Your objective
Omit the pictures. Transcribe exactly the lines below, from the one with "Write the answer" up to and including the last.

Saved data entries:
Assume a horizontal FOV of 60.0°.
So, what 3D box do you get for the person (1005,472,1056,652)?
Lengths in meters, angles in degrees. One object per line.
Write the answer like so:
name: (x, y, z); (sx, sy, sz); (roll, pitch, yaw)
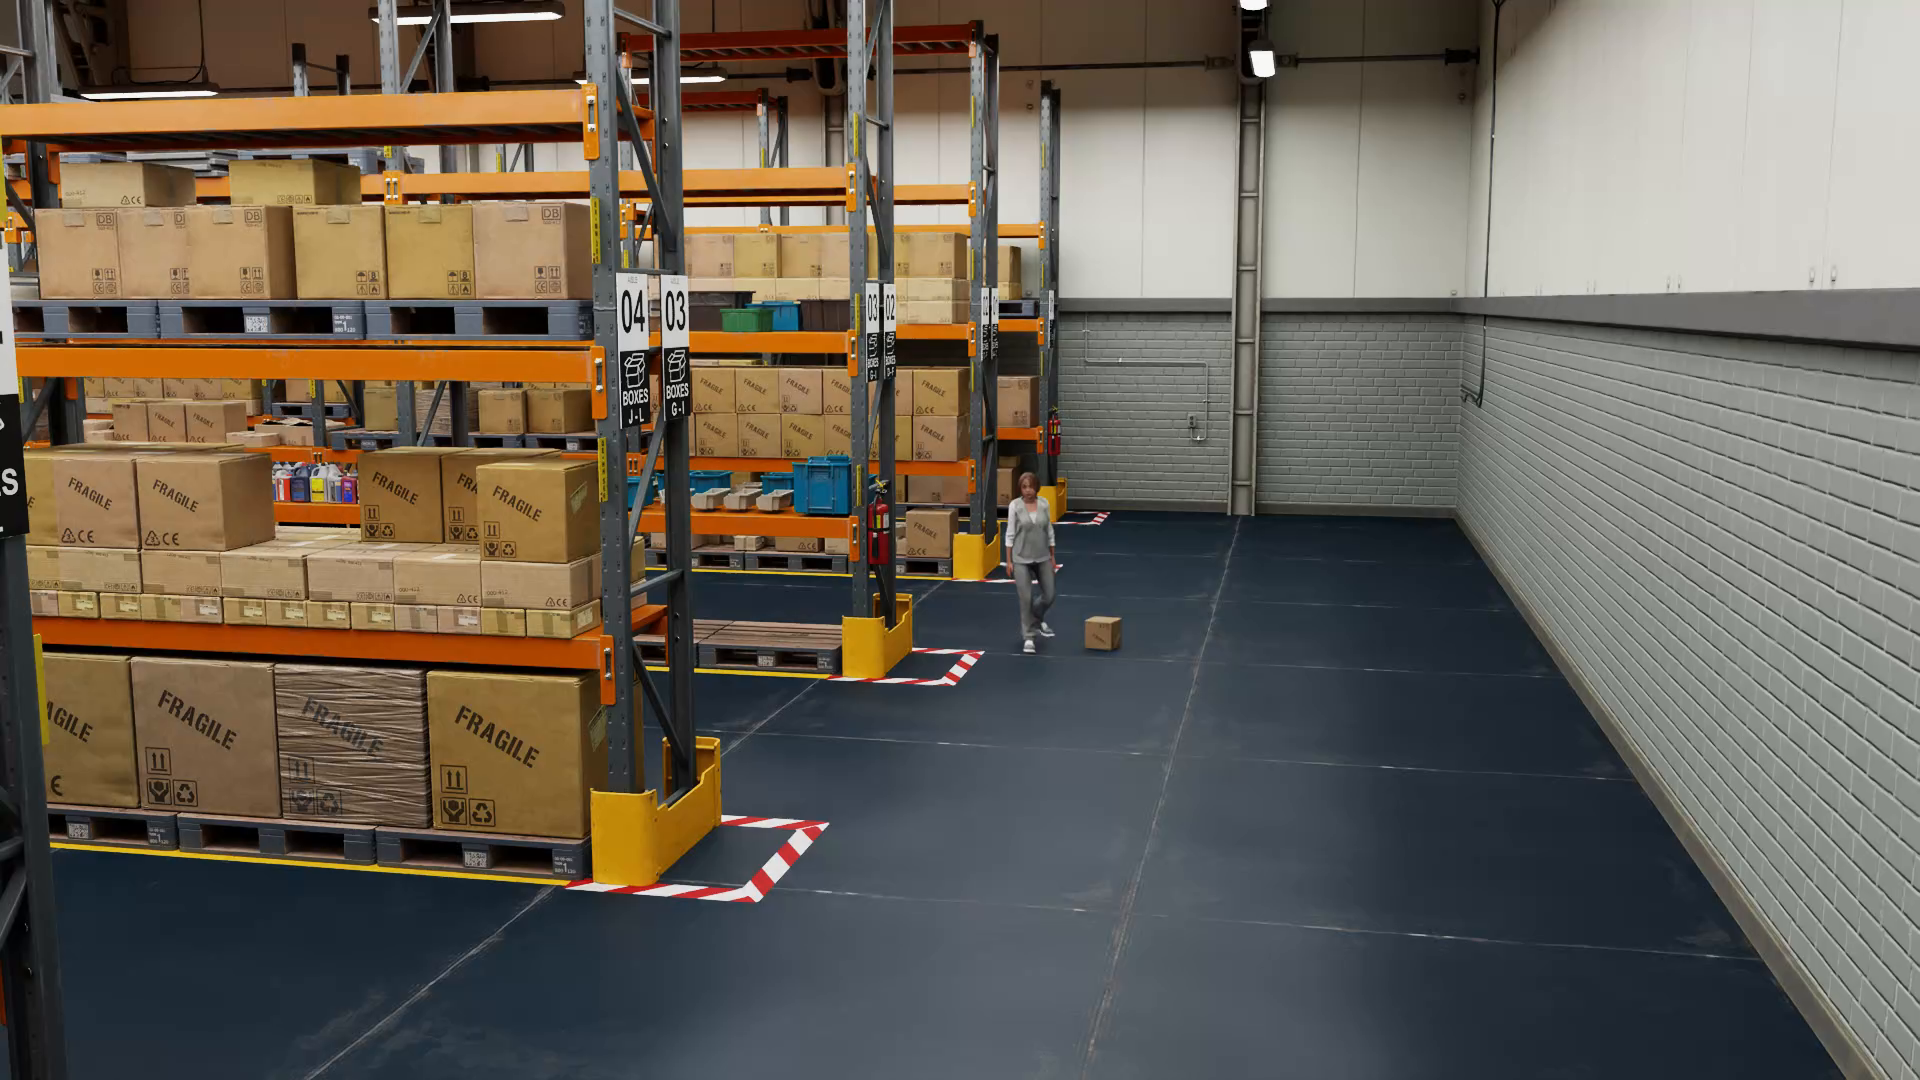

Output for this exercise
Write the answer like so:
name: (x, y, z); (sx, sy, sz); (roll, pitch, yaw)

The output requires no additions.